The mirror on the wall of the bathroom in the Berlin location looks through to the kitchen in the next room. I guess the depth gauging algorithm uses parallax, and mirrors confuse it, seeming like windows. The kitchen has a blob of blurriness as the rear of the mirror intrudes into kitchen, but you can see through the blurriness to either room.
The effect is a bit spooky. I felt like a ghost going through walls.
The refigerator in the NYC scene has a very slick specular lighting effect based on the angle you're viewing it from, and if you go "into" the fridge you can see it's actually generating a whole 3d scene with blurry grey and white colors that turn out to precisely mimic the effects of the light from the windows bouncing off the metal, and you can look "out" from the fridge into the rest of the room. Same as the full-length mirror in the bedroom in the same scene—there's a whole virtual "mirror room" that's been built out behind the mirror to give the illusion of depth as you look through it. Very cool and unique consequence of the technology
Wow, thanks for the tip. Fridge reflection world is so cool. Feels like something David Lynch might dream up.

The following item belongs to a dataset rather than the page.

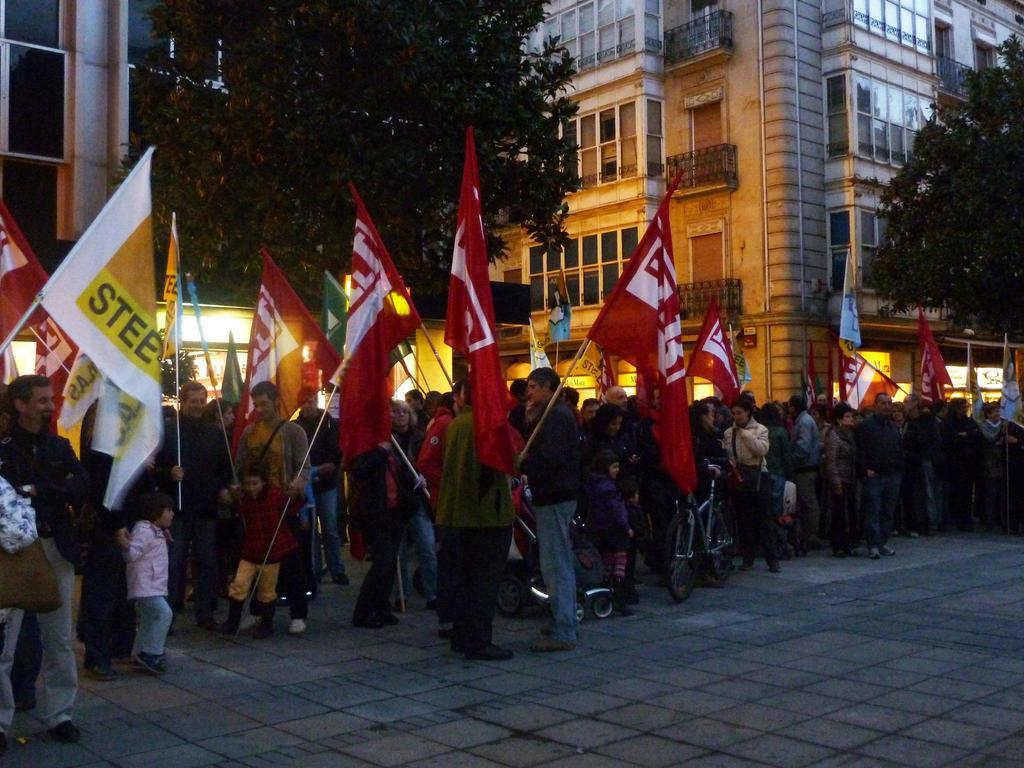What are the people in the middle of the image doing? The people in the middle of the image are standing and holding flags. What other objects can be seen in the image? There are bicycles in the image. What can be seen in the background of the image? There are trees and buildings in the background of the image. What type of hen can be seen in the image? There is no hen present in the image. What thoughts are the people holding flags having in the image? The image does not provide information about the thoughts of the people holding flags.

A girl is eating her morning cereal. Suddenly she looks apprehensively at the fridge. Camera dollies towards the appliance and seamlessly penetrates the reflective surface, revealing a deep hidden space that exactly matches the reflection. At the dark end of the tunnel, something stirs... A wildly grinning man takes a step forward and screams.

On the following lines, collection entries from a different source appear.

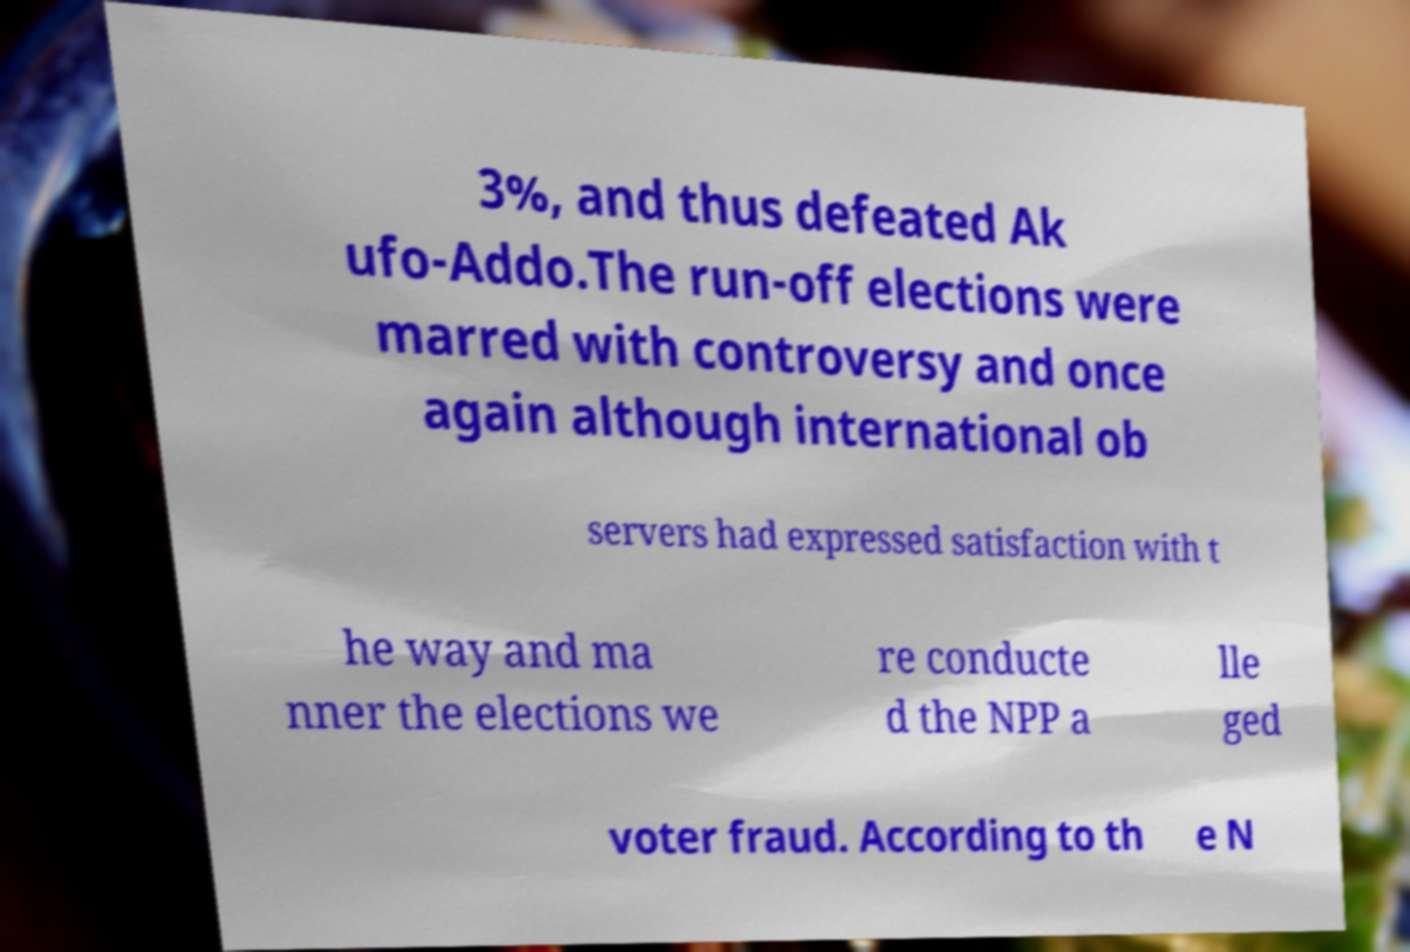For documentation purposes, I need the text within this image transcribed. Could you provide that? 3%, and thus defeated Ak ufo-Addo.The run-off elections were marred with controversy and once again although international ob servers had expressed satisfaction with t he way and ma nner the elections we re conducte d the NPP a lle ged voter fraud. According to th e N 
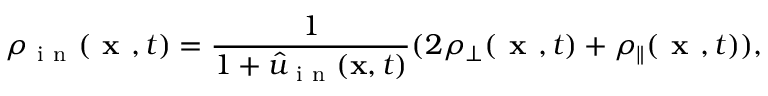Convert formula to latex. <formula><loc_0><loc_0><loc_500><loc_500>\rho _ { i n } ( x , t ) = \frac { 1 } { 1 + \hat { u } _ { i n } ( x , t ) } ( 2 \rho _ { \bot } ( x , t ) + \rho _ { \| } ( x , t ) ) ,</formula> 
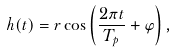Convert formula to latex. <formula><loc_0><loc_0><loc_500><loc_500>h ( t ) = r \cos \left ( \frac { 2 \pi t } { T _ { p } } + \varphi \right ) ,</formula> 
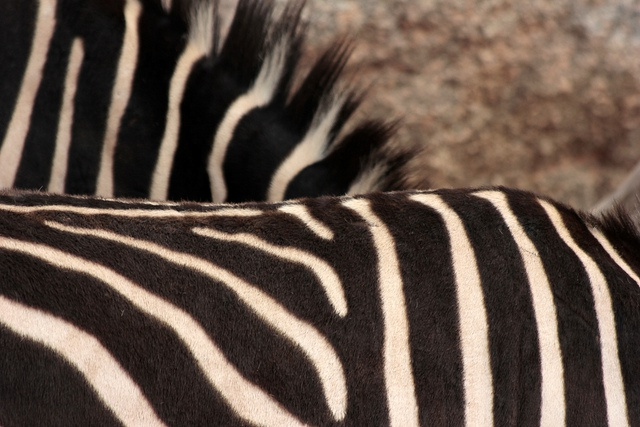Describe the objects in this image and their specific colors. I can see zebra in black, lightgray, and tan tones and zebra in black, gray, and tan tones in this image.

Would you be offended if I animated that scene? It is really well described?
Please feel free!
Please share if you do, that sounded spooky af
Funnily enough, this is how reflections are usually emulated in game engines that do not support raytracing: another copy of the world behind the mirror. Also used in films in a few places (e.g. Terminator)
Please look at the refrigerator I mentioned—it's definitely not the classic "mirror world" reflection that you'd normally see in video games. I'm talking about the specular / metallic highlights on the fridge being simulated entirely with depth features.
Mirror worlds are a pretty common effect you'll see in NeRFs. Otherwise you would need a significantly more complex view dependent feature rendered onto a flat surface.
Neat! Here are some screenshots of the same phenomenon with the TV in Berlin: https://imgur.com/a/3zAA5K8
This happens with any 3D reconstruction. It's because any mirror is indistinguishable from a window into a mirrored room. The tricky thing is if there's actually a something behind the mirror as well.
What does the reconstructed space look like when there are opposing mirrors? It’ll just be a long corridor of ever more blurry rooms?
Oh wow yeah. It's interesting because when I look at the fridge my eye maps that to "this is a reflective surface", which makes sense because that's true in the source images, but then it's actually rendered as a cavity with appropriate features rendered in 3D space. What's a strange feeling is to enter the fridge and then turn around! I just watched Hbomberguy's Patreon-only video on the video game Myst, and in Myst the characters are trapped in books. If you choose the wrong path at the end of the game you get trapped in a book, and the view you get trapped in a book looks very similar to the view from inside the NYC fridge!
Yes!
The barely-there reflection on the Berlin TV is also a trip to enter, and observe the room from.
You can also get inside the bookcase for the ultimate Matthew McConaughey experience.
Try noclipping through the TV in the Berlin living room. It gets pleasantly creepy.
It has exactly the same drawbacks as photogrammetry in regards of highly reflective surfaces.